* _Information_:
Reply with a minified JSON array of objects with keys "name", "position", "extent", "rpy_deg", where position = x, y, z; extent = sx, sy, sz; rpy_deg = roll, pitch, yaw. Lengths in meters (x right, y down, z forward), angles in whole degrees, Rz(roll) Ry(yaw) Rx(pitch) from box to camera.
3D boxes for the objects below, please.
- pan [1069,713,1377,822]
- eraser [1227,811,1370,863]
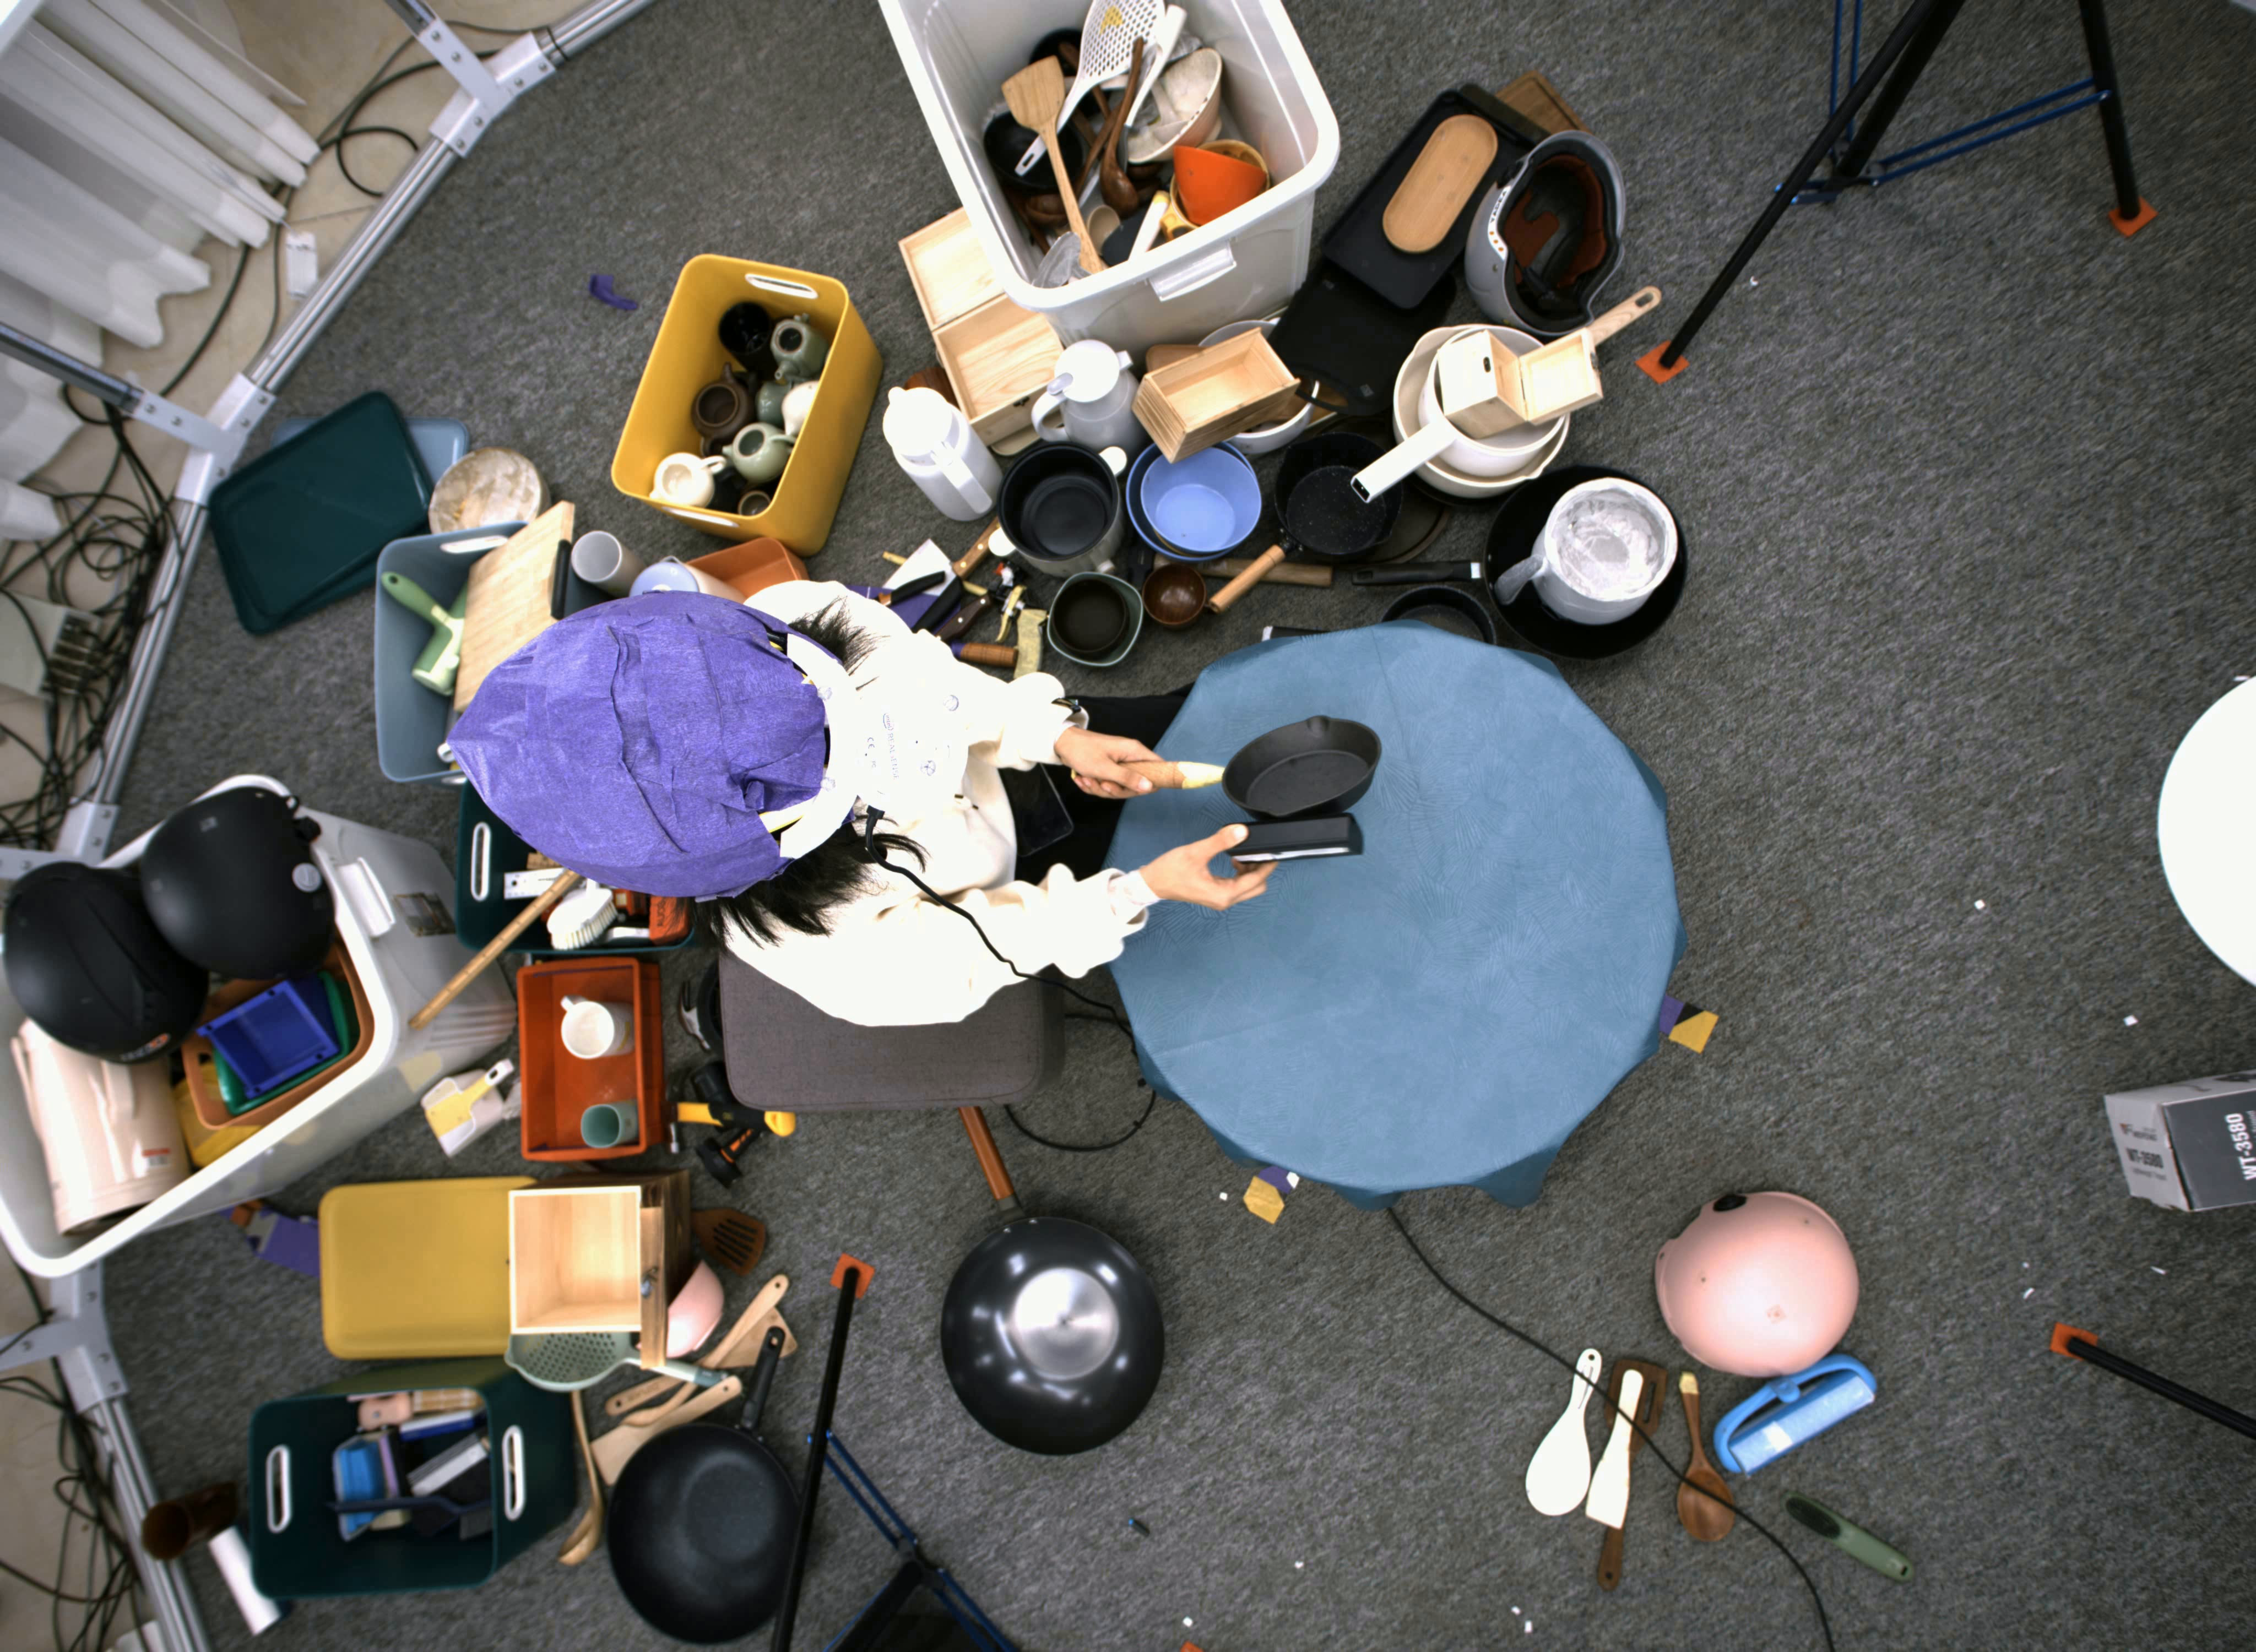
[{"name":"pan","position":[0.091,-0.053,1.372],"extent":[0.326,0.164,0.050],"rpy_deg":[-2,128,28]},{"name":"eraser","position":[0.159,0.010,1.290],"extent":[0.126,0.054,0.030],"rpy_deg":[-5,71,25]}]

...

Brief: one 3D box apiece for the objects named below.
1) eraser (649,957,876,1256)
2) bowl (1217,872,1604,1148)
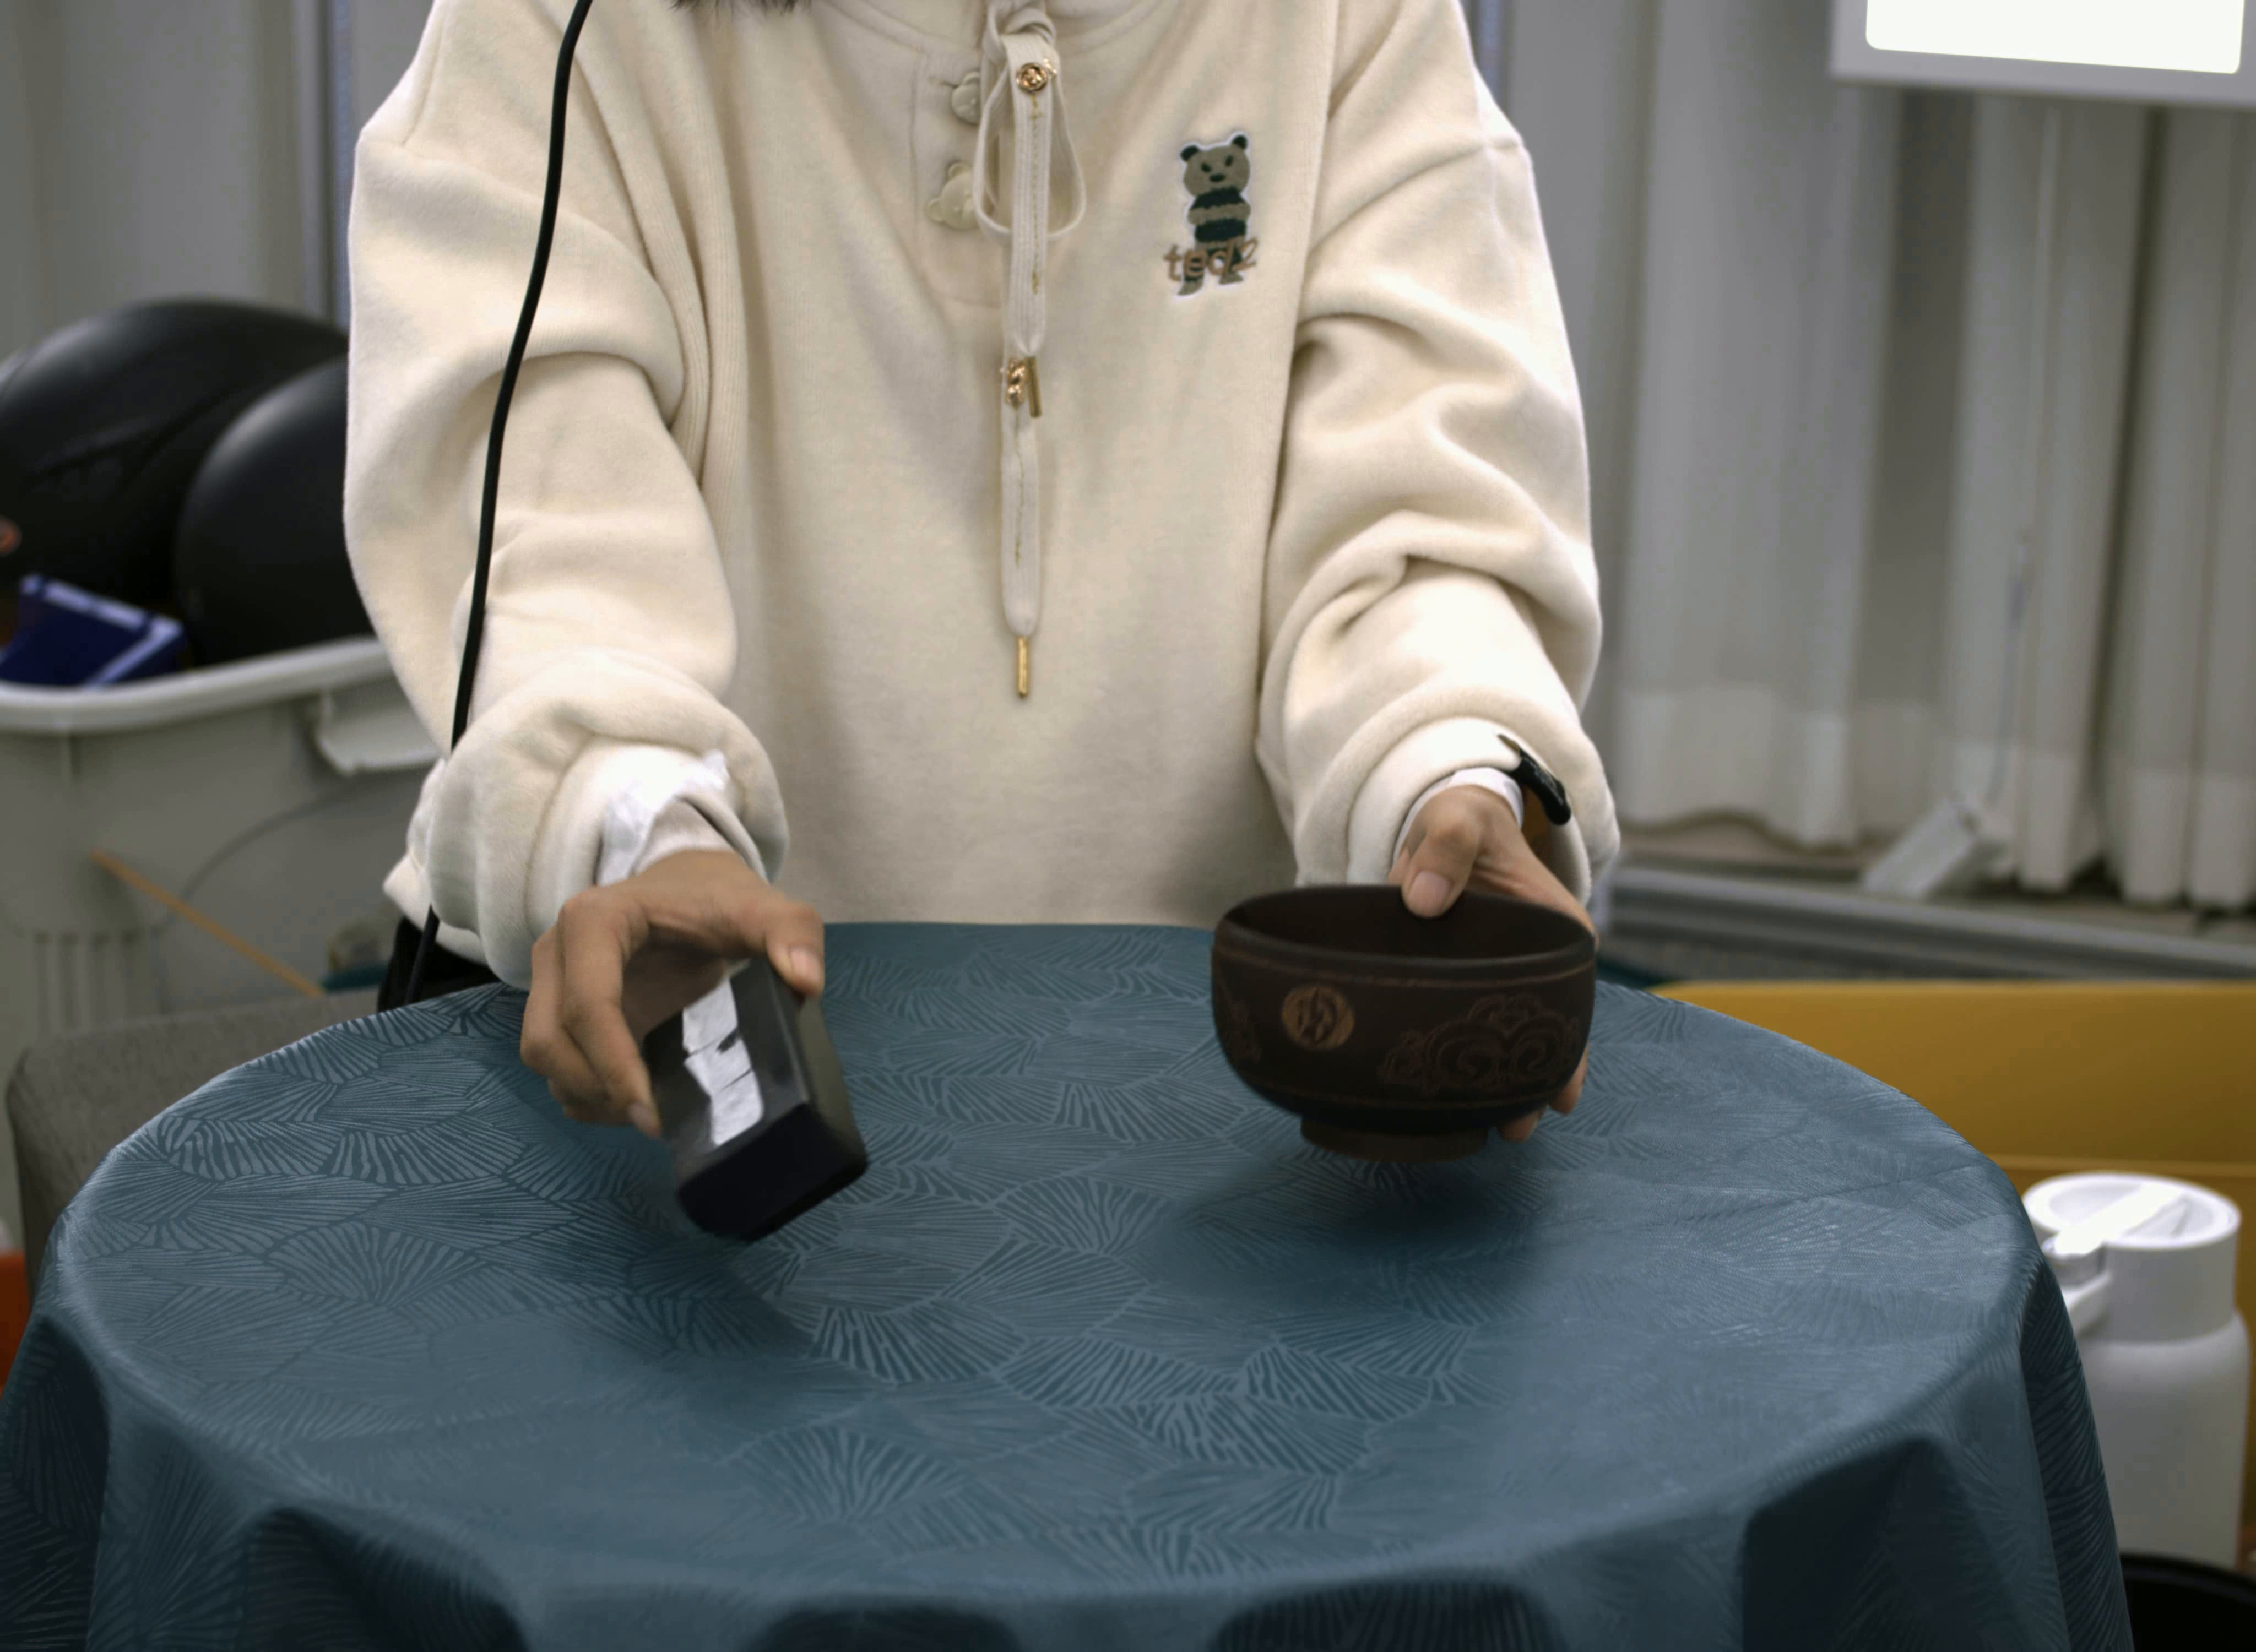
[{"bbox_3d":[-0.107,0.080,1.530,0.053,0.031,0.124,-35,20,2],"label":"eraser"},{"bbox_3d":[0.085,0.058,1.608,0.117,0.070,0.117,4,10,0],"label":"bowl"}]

* _Assignment_:
Please find every line in the records above that holds the word "objects" and copy it.

* _Solution to this exercise_:
Reply with a minified JSON array of objects with keys "name", "position", "extent", "rpy_deg", where position = x, y, z; extent = sx, sy, sz; rpy_deg = roll, pitch, yaw. Lengths in meters (x right, y down, z forward), angles in whole degrees, Rz(roll) Ry(yaw) Rx(pitch) from box to camera.
3D boxes for the objects below, please.
Brief: one 3D box apiece for the objects named below.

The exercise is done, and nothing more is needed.